Hidrogenesse, postales de verano o bañadores
Anoche se presentaba en sociedad un nuevo festival de verano, MurciaSound, y para acogerlo alguien tuvo la brillante idea de invitar a Hidrogenesse
Anoche se presentaba en sociedad un nuevo festival de verano, MurciaSound, y para acogerlo alguien tuvo la brillante idea de invitar a Hidrogenesse. Sobresaliente, porque ya había ganas de volver a ver al dúo catalán y sus peripecias en directo. La única competencia vino de los estupendos Hola a todo el mundo, una pandilla de polivalentes músicos que enseñan su sabiduría popular de veintitantos. Encantados nos quedamos, al igual que con Genís Segarra y Carlos Ballesteros.
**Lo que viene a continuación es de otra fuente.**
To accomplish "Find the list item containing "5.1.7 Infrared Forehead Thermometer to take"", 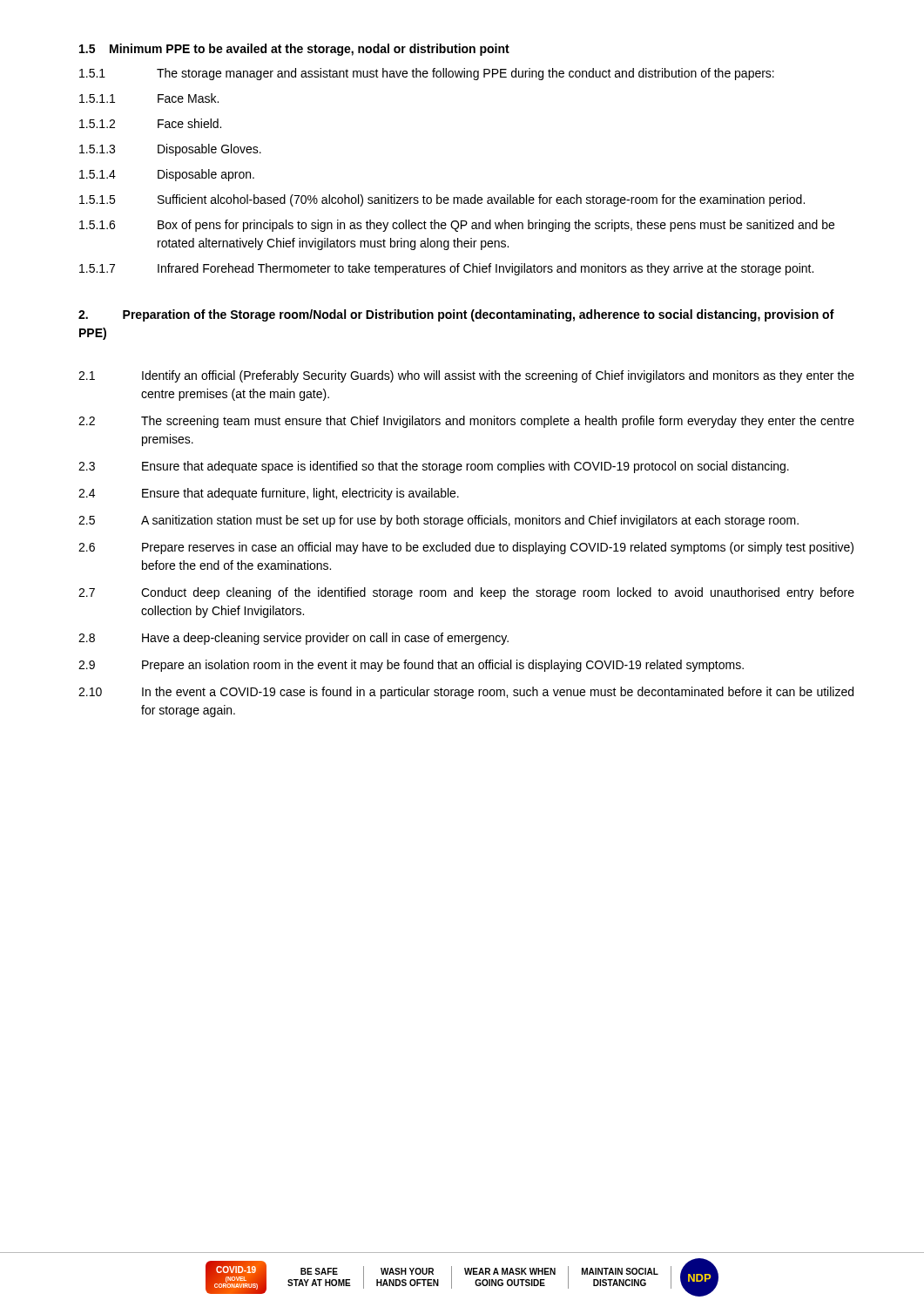I will 466,269.
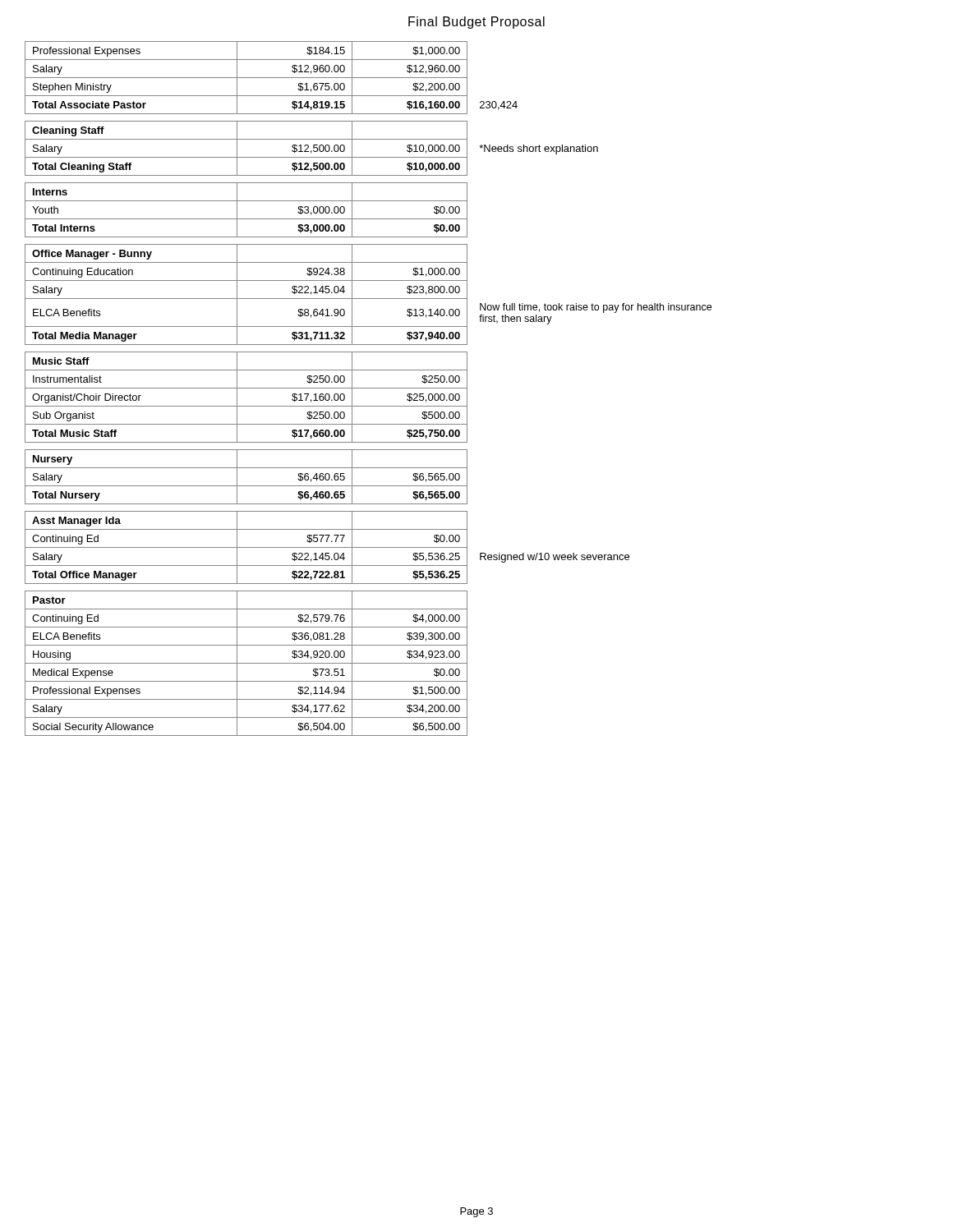Click on the element starting "Final Budget Proposal"
The width and height of the screenshot is (953, 1232).
(x=476, y=22)
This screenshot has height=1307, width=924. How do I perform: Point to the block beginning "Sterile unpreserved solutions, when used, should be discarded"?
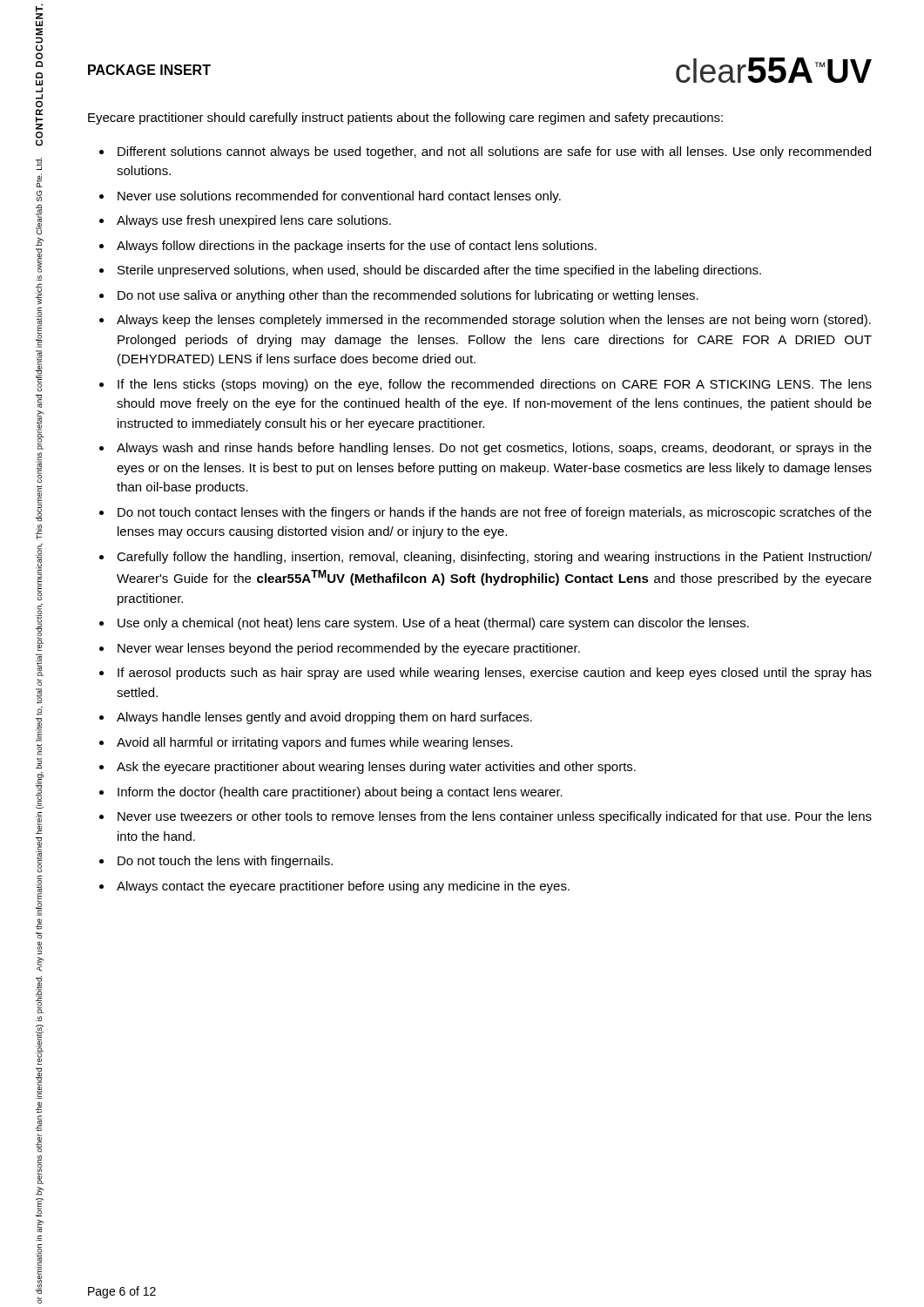(440, 270)

Porque cuando la grandeza y la tontería convergen en la música el resultado suele ser un pelotazo. Si a esto se añade un esteticismo indescriptible y la genialidad de convertir rutinas o chorradas en canciones de culto para una masa que corea en comunión con el grupo y su parafernalia, entonces sólo nos queda ser fans de esa banda con nombre de gel de baño que canta a los caballitos ponis lo mismo que a un vocoder.
Embelesaron a una sala El Sol abarrotada con la mayoría de sus pelotazos, que son muchos, algunos clásicos y otros nuevos, incluidos en sus dos recientes trabajos, Animalitos y Bestiola, su álbum de rarezas. De blanco impoluto, Genís (muy ibicenco a la vez que rockero) y Carlos (tenista profesional con collar) adoptaron durante toda su actuación su papel de artistas animadores sociales para dar la bienvenida al verano. Regalaron postales como Hidroboy o Vuelve conmigo a Italia e hicieron pensar que, efectivamente, podríamos llevar puesto el bañador.
Toda su rabia y elogio a Los perezosos, glam destilado en Fuig llop fuig llop fuig o técnica y High School en Eres Pc eres Mac, fueron algunas de las razones por las que algunos sienten tanto orgullo patrio y por las que Hidrogenesse se tercian imprescindibles en nuestra música.